Bug 254639 - Fork syscall performance
Summary: Fork syscall performance
Status: New
Alias: None
Product: Base System
Classification: Unclassified
Component: kern (show other bugs)
Version: Unspecified
Hardware: Any Any
: --- Affects Some People
Assignee: freebsd-bugs (Nobody)
URL:
Keywords:
Depends on:
Blocks:
 
Reported: 2021-03-29 13:12 UTC by Kirill
Modified: 2021-03-31 06:04 UTC (History)
1 user (show)

See Also:


Attachments
dtrace stack (337.64 KB, text/plain)
2021-03-31 06:04 UTC, Kirill
no flags Details

Note You need to log in before you can comment on or make changes to this bug.
Description Kirill 2021-03-29 13:12:44 UTC
Hello.

Can someone please explain where is the error? I am running Python code that simulates forking a large process and gives poor performance results. Average 4 seconds.

import time
import os
some_str = ' ' * (100 * 1024 * 1024 * 1024)
while True:
    p = time.time()
    pid = os.fork()
    tt = time.time() - p
    if pid != 0:
        print("%d "%pid + str(tt) )
        time.sleep(1)
    if pid == 0:
        break
Comment 1 Mark Johnston freebsd_committer 2021-03-29 15:26:17 UTC
How much RAM do you have?  Hopefully more than 100GB.

I suspect that we're spending a lot of time in pmap_copy(), which copies page tables into the child process.  It only copies referenced PTEs, but in this case we'll copy all of the page tables backing some_str.

You can try something like this to confirm:

# dtrace -q -n 'fbt::pmap_copy:entry /pid == $target/{self->ts = timestamp} fbt::pmap_copy:return /self->ts/{@ = sum(timestamp - self->ts); self->ts = 0;} tick-1s {printa("spent %@dns copying\n", @); clear(@);}' -c "python test.py"
Comment 2 Kirill 2021-03-29 15:36:42 UTC
I have 192GB. Trace:

dtrace -q -n 'fbt::pmap_copy:entry /pid == $target/{self->ts = timestamp} fbt::pmap_copy:return /self->ts/{@ = sum(timestamp - self->ts); self->ts = 0;} tick-1s {printa("spent %@dns
 copying\n", @); clear(@);}' -c "python test_fork.py"
spent 238724ns copying
spent 0ns copying
spent 0ns copying
spent 0ns copying
spent 0ns copying
spent 0ns copying
spent 0ns copying
spent 0ns copying
spent 0ns copying
25576 8.959986448287964
spent 525185651ns copying
spent 0ns copying
spent 0ns copying
spent 0ns copying
spent 0ns copying
spent 279323ns copying
25593 4.342242956161499
spent 434345424ns copying
spent 0ns copying
spent 0ns copying
spent 0ns copying
spent 0ns copying
spent 0ns copying
spent 0ns copying
spent 352273ns copying
spent 423458987ns copying
spent 0ns copying
25597 7.248447418212891
spent 0ns copying
spent 0ns copying
spent 0ns copying
spent 0ns copying
spent 0ns copying
25602 4.694051027297974
spent 432109608ns copying
spent 0ns copying
spent 0ns copying
spent 0ns copying
spent 0ns copying
spent 0ns copying
25619 4.810415983200073
Comment 3 Mark Johnston freebsd_committer 2021-03-30 22:21:45 UTC
If I am reading the output correctly, we are spending hundreds of ms copying page tables, but this is not where the majority of time is spent.

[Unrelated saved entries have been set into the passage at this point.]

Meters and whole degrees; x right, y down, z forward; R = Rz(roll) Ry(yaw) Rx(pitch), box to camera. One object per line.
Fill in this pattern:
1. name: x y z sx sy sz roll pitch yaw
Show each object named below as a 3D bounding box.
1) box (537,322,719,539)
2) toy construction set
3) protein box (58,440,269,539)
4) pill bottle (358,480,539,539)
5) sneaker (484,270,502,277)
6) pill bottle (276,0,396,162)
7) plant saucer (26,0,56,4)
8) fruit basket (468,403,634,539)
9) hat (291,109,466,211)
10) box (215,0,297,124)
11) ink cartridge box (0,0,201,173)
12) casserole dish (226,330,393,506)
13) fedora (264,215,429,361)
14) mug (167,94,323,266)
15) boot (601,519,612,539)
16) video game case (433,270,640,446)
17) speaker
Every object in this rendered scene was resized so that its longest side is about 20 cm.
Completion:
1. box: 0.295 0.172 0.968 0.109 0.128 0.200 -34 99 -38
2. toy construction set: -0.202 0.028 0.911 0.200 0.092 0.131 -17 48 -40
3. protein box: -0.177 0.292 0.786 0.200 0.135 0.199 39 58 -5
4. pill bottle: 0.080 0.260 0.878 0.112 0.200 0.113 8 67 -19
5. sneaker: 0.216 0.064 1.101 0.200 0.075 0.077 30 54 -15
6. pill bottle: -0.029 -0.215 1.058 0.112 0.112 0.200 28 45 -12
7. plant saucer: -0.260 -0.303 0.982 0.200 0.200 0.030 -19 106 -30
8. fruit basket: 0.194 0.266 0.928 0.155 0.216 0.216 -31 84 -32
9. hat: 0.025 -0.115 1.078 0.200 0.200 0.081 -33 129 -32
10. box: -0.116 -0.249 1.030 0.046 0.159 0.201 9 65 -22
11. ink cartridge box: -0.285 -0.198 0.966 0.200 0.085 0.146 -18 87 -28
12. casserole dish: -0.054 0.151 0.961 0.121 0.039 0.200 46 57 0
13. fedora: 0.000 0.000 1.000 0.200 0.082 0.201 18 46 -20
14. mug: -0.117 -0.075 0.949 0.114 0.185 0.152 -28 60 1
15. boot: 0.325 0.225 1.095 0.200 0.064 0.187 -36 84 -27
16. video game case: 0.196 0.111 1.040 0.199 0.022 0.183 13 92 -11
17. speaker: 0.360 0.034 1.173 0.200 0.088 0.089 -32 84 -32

It would also be useful to see output from

# dtrace -n 'profile-997hz /pid == $target/{@[stack()] = count()}' -c "python test.py"
Comment 4 Kirill 2021-03-31 06:04:42 UTC
Created attachment 223724 [details]
dtrace stack

Yep. Somewhere hidden more than 4 seconds. Trace in the attachment.